FeatureRocksDBSQLite
Storage modelEmbedded C++ key/value store based on an LSM-treeEmbedded relational database based on B-Tree tables and indexes
Kahuna layoutOne database under the storage revision, with kv and locks column familiesEight hash-sharded database files named kahunaN_<revision>.db
Latest stateStored as key~CURRENT or resource~CURRENT recordsStored in keys and locks tables
Historical revisionsStored as revision-suffixed records in the same column familyStored in the keys_revisions table with (key, revision) as the primary key
Write pathBatched protobuf records written through RocksDB WriteBatch with sync writesSQL upserts; key/value writes are grouped per shard and committed in transactions
Prefix scansNative ordered-key iterator over the RocksDB keyspaceSQL LIKE '<prefix>%' query on the prefix shard
Write concurrencyStrong fit for sustained write-heavy workloads and large update volumesSerialized per shard; suitable for low to moderate write volume
Operational footprintLarger native dependency and more tuning/monitoring surfaceSmall, serverless, easy to package and inspect
Inspection and debuggingRequires RocksDB tooling or application-level inspectionStandard SQLite tools can inspect tables directly
Disk behaviorCompaction, SST files, and write amplification need monitoringWAL files, checkpoints, and occasional vacuuming may need attention
Best fitProduction clusters, large keyspaces, high write rates, retained revisionsDevelopment, tests, embedded deployments, small persistent clusters
Weak fitTiny deployments where operational simplicity matters mostWrite-heavy production workloads or very large revision-heavy keyspaces

Choosing an Adapter

Workload or constraintPrefer RocksDBPrefer SQLite
Sustained write-heavy production trafficYesNo
Large keyspace with many prefix or bucket scansYesSometimes
Many retained revisions per keyYesSometimes, with disk maintenance
Minimal deployment footprintNoYes
Easy manual inspection with common toolsNoYes
Native dependency sensitivityNoYes
Local development and small demosSometimesYes
Highest operational tuning controlYesNo

For most production clusters, start with RocksDB for both --wal-storage and --storage.
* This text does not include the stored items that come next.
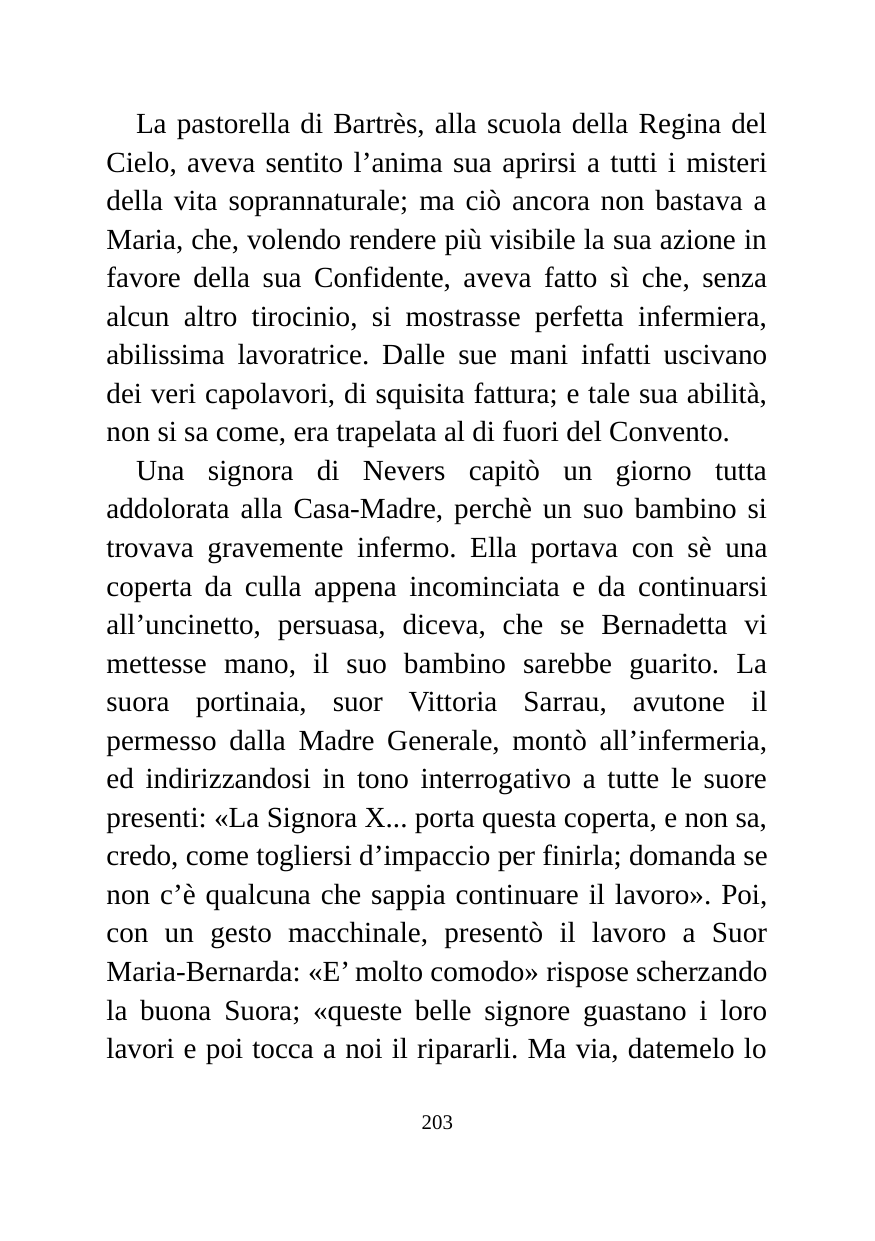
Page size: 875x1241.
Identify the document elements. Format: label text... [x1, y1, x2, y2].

text La pastorella di Bartrès, alla scuola della Regina del Cielo, aveva sentito l’anima sua aprirsi a tutti i misteri della vita soprannaturale; ma ciò ancora non bastava a Maria, che, volendo rendere più visibile la sua azione in favore della sua Confidente, aveva fatto sì che, senza alcun altro tirocinio, si mostrasse perfetta infermiera, abilissima lavoratrice. Dalle sue mani infatti uscivano dei veri capolavori, di squisita fattura; e tale sua abilità, non si sa come, era trapelata al di fuori del Convento. [106, 106, 768, 448]
text Una signora di Nevers capitò un giorno tutta addolorata alla Casa-Madre, perchè un suo bambino si trovava gravemente infermo. Ella portava con sè una coperta da culla appena incominciata e da continuarsi all’uncinetto, persuasa, diceva, che se Bernadetta vi mettesse mano, il suo bambino sarebbe guarito. La suora portinaia, suor Vittoria Sarrau, avutone il permesso dalla Madre Generale, montò all’infermeria, ed indirizzandosi in tono interrogativo a tutte le suore presenti: «La Signora X... porta questa coperta, e non sa, credo, come togliersi d’impaccio per finirla; domanda se non c’è qualcuna che sappia continuare il lavoro». Poi, con un gesto macchinale, presentò il lavoro a Suor Maria-Bernarda: «E’ molto comodo» rispose scherzando la buona Suora; «queste belle signore guastano i loro lavori e poi tocca a noi il ripararli. Ma via, datemelo lo [106, 453, 768, 1065]
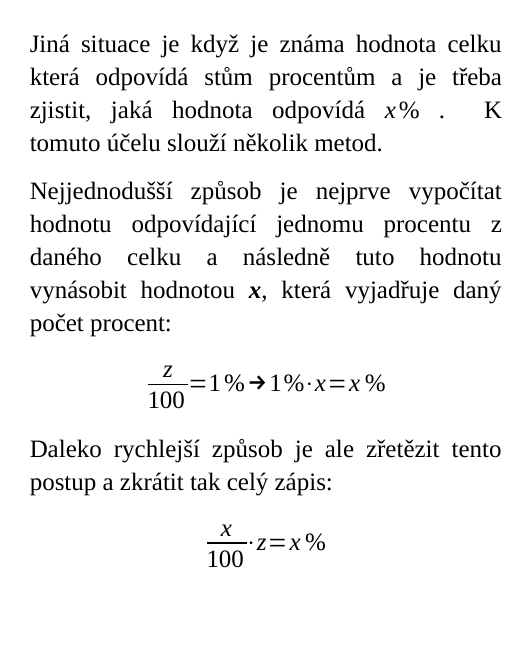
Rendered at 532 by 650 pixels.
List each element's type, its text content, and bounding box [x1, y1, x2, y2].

text Nejjednodušší způsob je nejprve vypočítat hodnotu odpovídající jednomu procentu z daného celku a následně tuto hodnotu vynásobit hodnotou x, která vyjadřuje daný počet procent: [29, 176, 502, 337]
text Daleko rychlejší způsob je ale zřetězit tento postup a zkrátit tak celý zápis: [29, 434, 502, 495]
text Jiná situace je když je známa hodnota celku která odpovídá stům procentům a je třeba zjistit, jaká hodnota odpovídá. K tomuto účelu slouží několik metod. [29, 29, 502, 157]
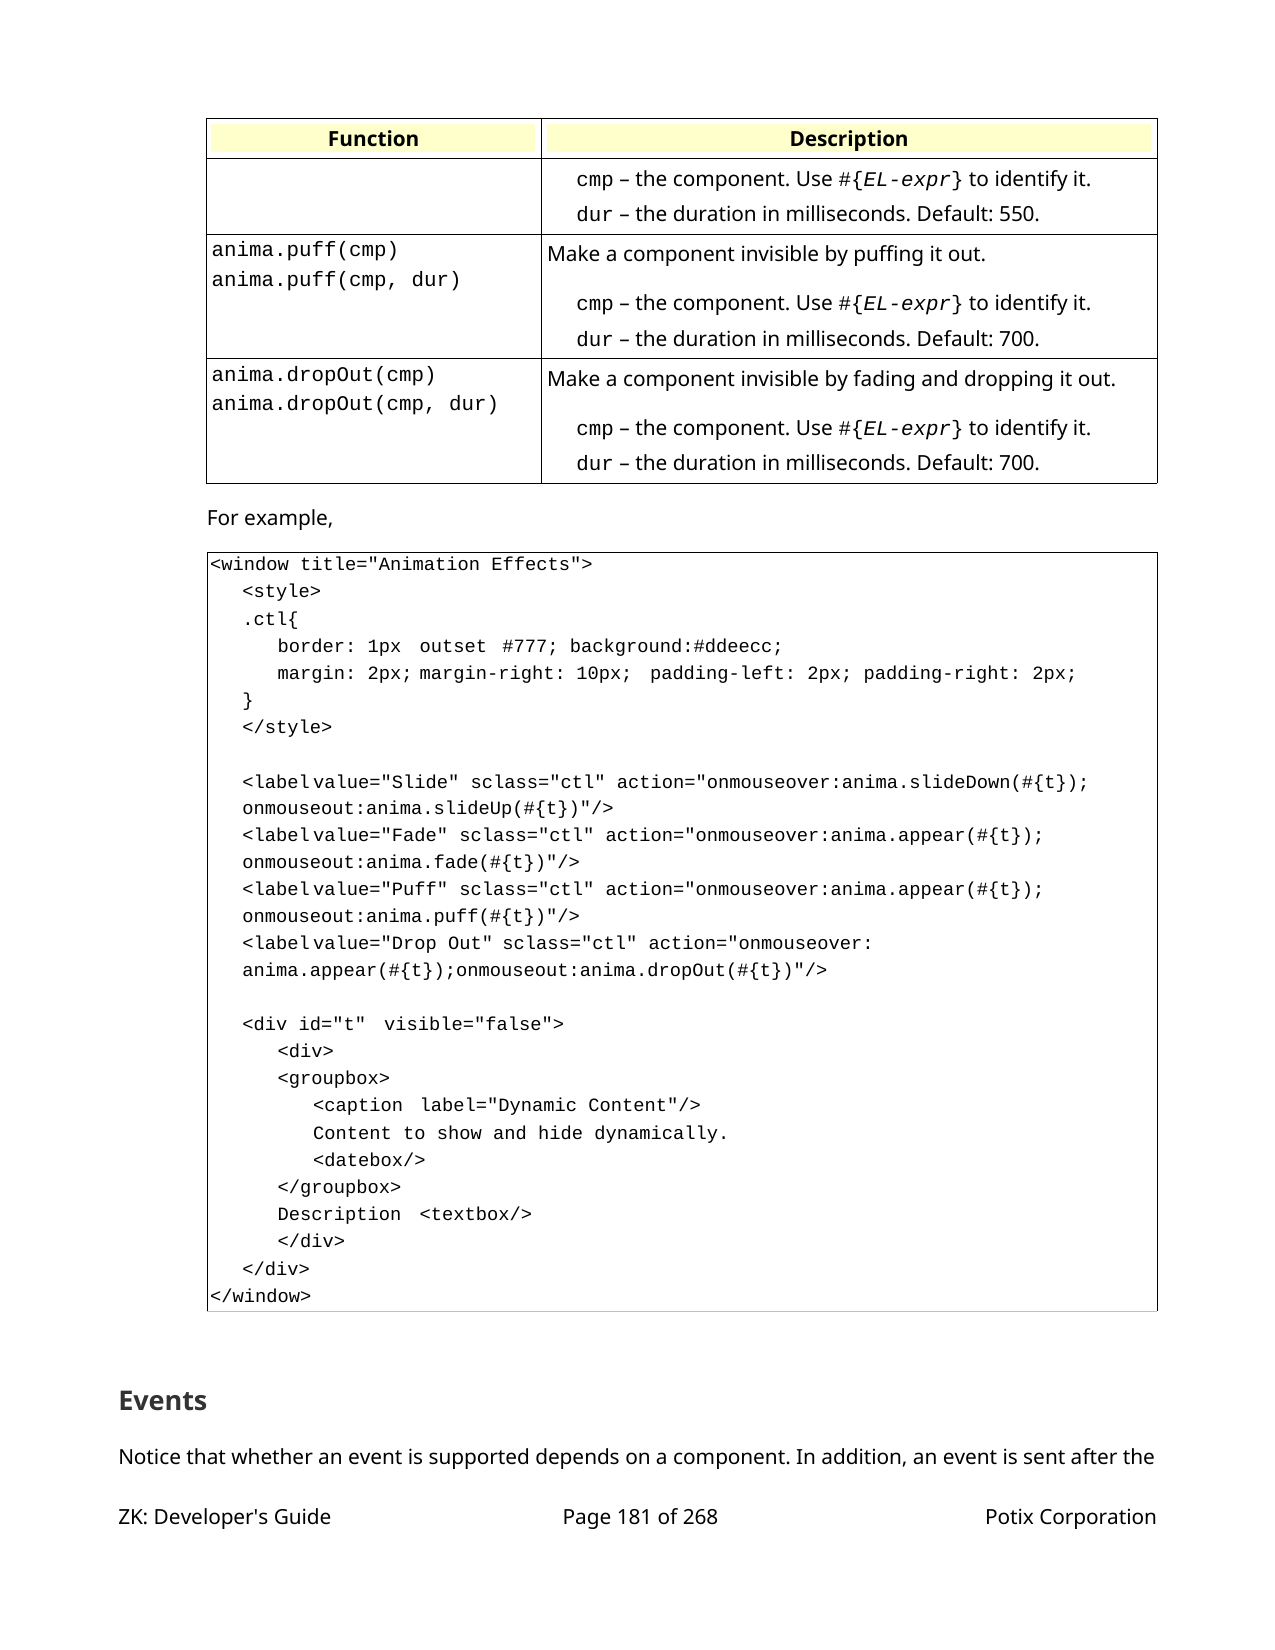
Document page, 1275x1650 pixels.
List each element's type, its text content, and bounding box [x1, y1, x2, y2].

subtitle Events [118, 1382, 1157, 1418]
text <caption label="Dynamic Content"/> [208, 1093, 1157, 1118]
table_cell [207, 159, 541, 234]
text <groupbox> [208, 1066, 1157, 1090]
text <label value="Slide" sclass="ctl" action="onmouseover:anima.slideDown(#{t}); onmouseout:anima.slideUp(#{t})"/> [208, 769, 1157, 820]
text <label value="Fade" sclass="ctl" action="onmouseover:anima.appear(#{t}); onmouseout:anima.fade(#{t})"/> [208, 823, 1157, 874]
text Notice that whether an event is supported depends on a component. In addition, an event is sent after the [118, 1442, 1157, 1470]
text <window title="Animation Effects"> [208, 553, 1157, 576]
text } [208, 688, 1157, 712]
text Description <textbox/> [208, 1202, 1157, 1226]
table_cell anima.puff(cmp) anima.puff(cmp, dur) [207, 235, 541, 358]
text Content to show and hide dynamically. [208, 1121, 1157, 1145]
text <datebox/> [208, 1148, 1157, 1172]
text </groupbox> [208, 1175, 1157, 1199]
text <div id="t" visible="false"> [208, 1012, 1157, 1036]
table_cell Make a component invisible by puffing it out. cmp – the component. Use #{EL-expr} to identify it. dur – the duration in milliseconds. Default: 700. [542, 235, 1157, 358]
text </div> [208, 1229, 1157, 1253]
text border: 1px outset #777; background:#ddeecc; [208, 634, 1157, 658]
text </style> [208, 715, 1157, 739]
table_header Function [207, 119, 541, 158]
text <label value="Drop Out" sclass="ctl" action="onmouseover: anima.appear(#{t});onmouseout:anima.dropOut(#{t})"/> [208, 931, 1157, 982]
text <div> [208, 1039, 1157, 1063]
table_cell anima.dropOut(cmp) anima.dropOut(cmp, dur) [207, 359, 541, 483]
text </window> [208, 1284, 1157, 1311]
text </div> [208, 1256, 1157, 1281]
text <label value="Puff" sclass="ctl" action="onmouseover:anima.appear(#{t}); onmouseout:anima.puff(#{t})"/> [208, 877, 1157, 928]
text .ctl{ [208, 606, 1157, 631]
text <style> [208, 579, 1157, 603]
table_cell Make a component invisible by fading and dropping it out. cmp – the component. Use #{EL-expr} to identify it. dur – the duration in milliseconds. Default: 700. [542, 359, 1157, 483]
text margin: 2px; margin-right: 10px; padding-left: 2px; padding-right: 2px; [208, 661, 1157, 685]
table_header Description [542, 119, 1157, 158]
text For example, [207, 503, 1157, 531]
table_cell cmp – the component. Use #{EL-expr} to identify it. dur – the duration in milliseconds. Default: 550. [542, 159, 1157, 234]

Use SQLite when the deployment benefits more from a small footprint, easy inspection, and simple file-based operation than from maximum write throughput.

Operational Notes

  • Keep --wal-path and --storage-path on reliable local disks. Network filesystems can add latency and failure modes that hurt Raft and embedded database behavior.
  • Use a stable --storage-revision and --wal-revision for an existing data directory. Changing revisions points Kahuna at a different set of local files.
  • Monitor disk growth when using persistent key/value revisions. Kahuna stores both latest records and revision records.
  • Use ephemeral durability for data that does not need restart persistence. Ephemeral objects stay in memory and avoid the storage backend entirely.